Reasons and risk factors for emergency department visits following primary total knee arthroplasty: An analysis of 1.3 million patients
Journal of Arthroplasty Mar 10, 2021
Vakharia RM, Ehiorobo JO, Sodhi N, et al. - As there are limited well-powered studies examining the correlation of emergency department visits and total knee arthroplasty (TKA), researchers conducted this study with the following specific aims: 1) compare patients who did and did not have an ED visit with respect to their demographics; 2) identify leading reasons for the visits; and 3) determine risk-factors for ED visits (pre-arthroplasty/post-arthroplasty). Querying a nationwide database, they identified 1,364,655 patients undergoing primary TKA who did (n = 5,689) and did not have (n = 1,358,966) an ED visit within 90-days following their index procedure. Patients who did have ED visits differed from those who did not have ED visits with respect to age and mean Elixhauser Comorbidity Index scores (9 vs 6).
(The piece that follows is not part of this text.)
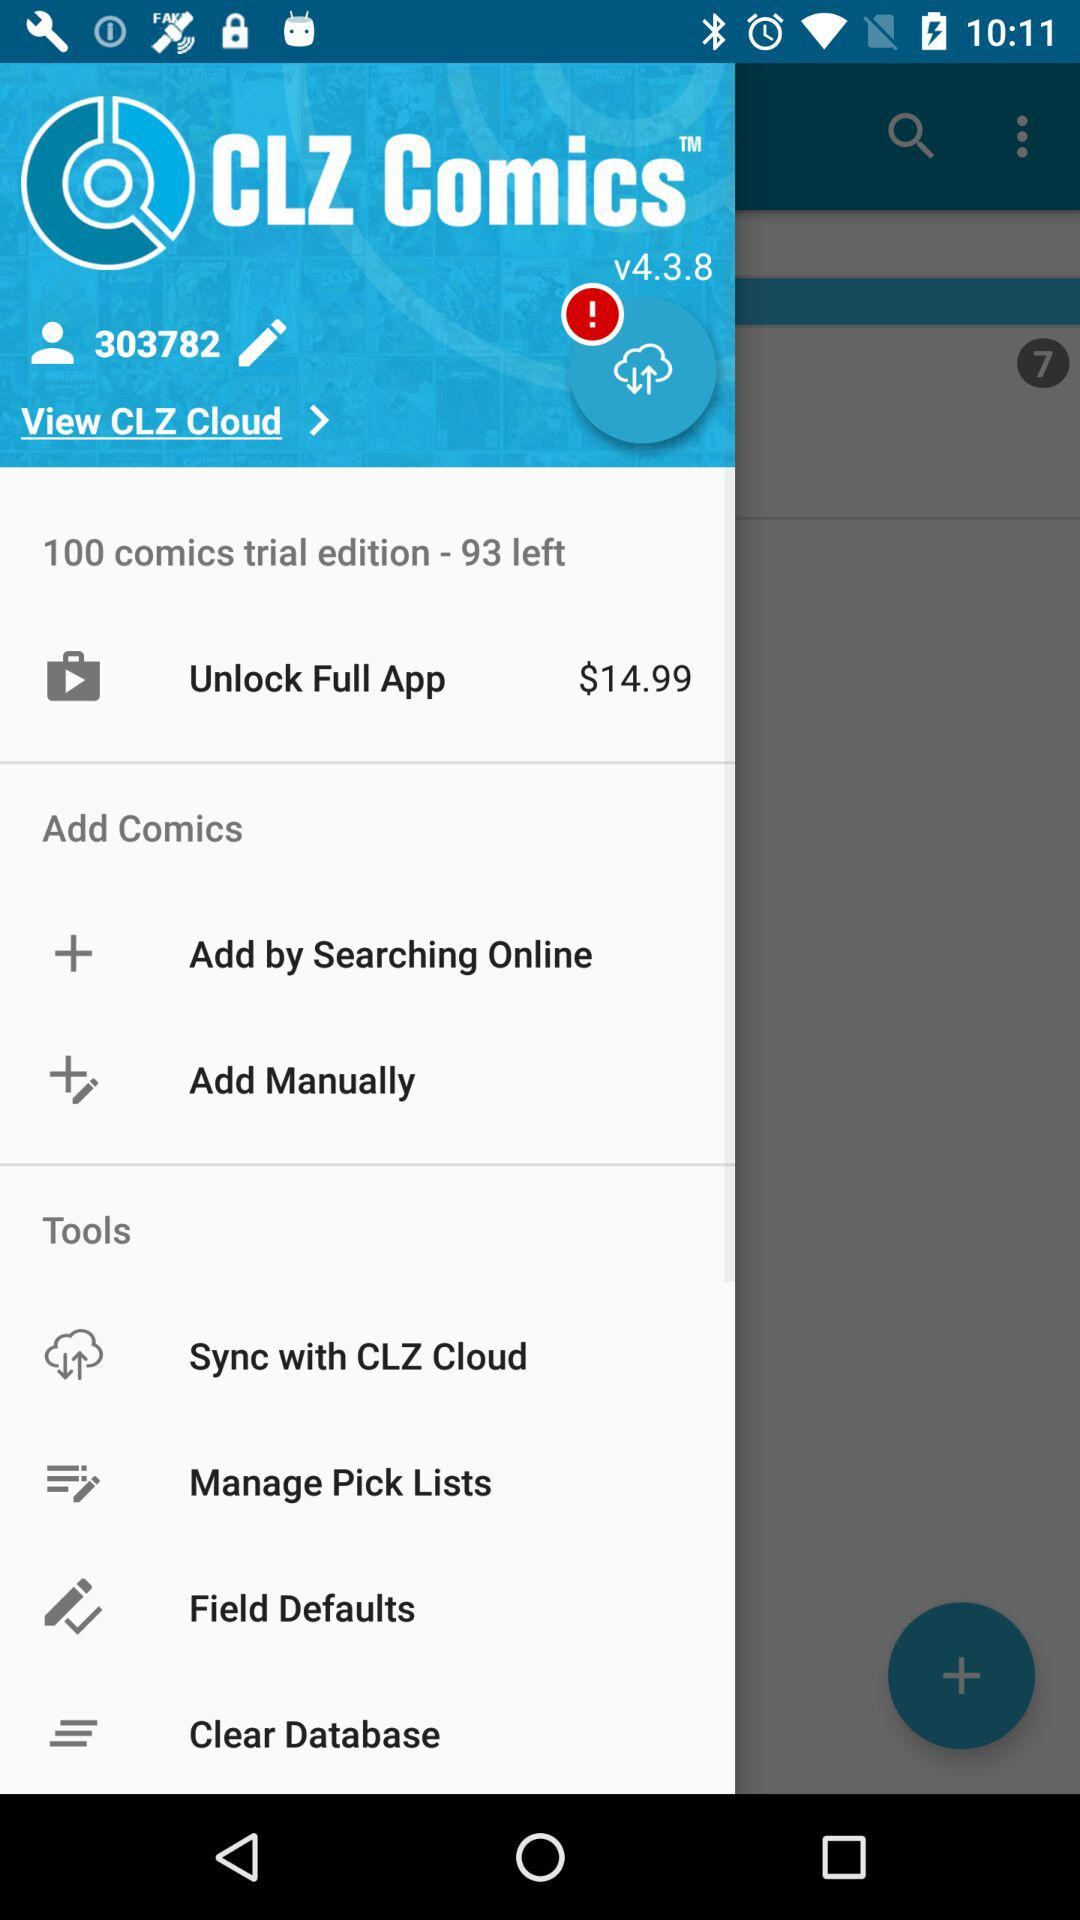What is the name of the application? The name of the application is "CLZ Comics".

The most common reason for ED visits was musculoskeletal etiologies. The greatest contributor to ED visits, pre-and post-arthroplasty, was hypertension. Following comorbid conditions were noted to be linked with ED visits postarthroplasty: peripheral vascular disease, coagulopathy, and rheumatoid arthritis. These findings can aid in identifying targets for quality improvement to potentially lower the incidence of ED visits following primary TKA.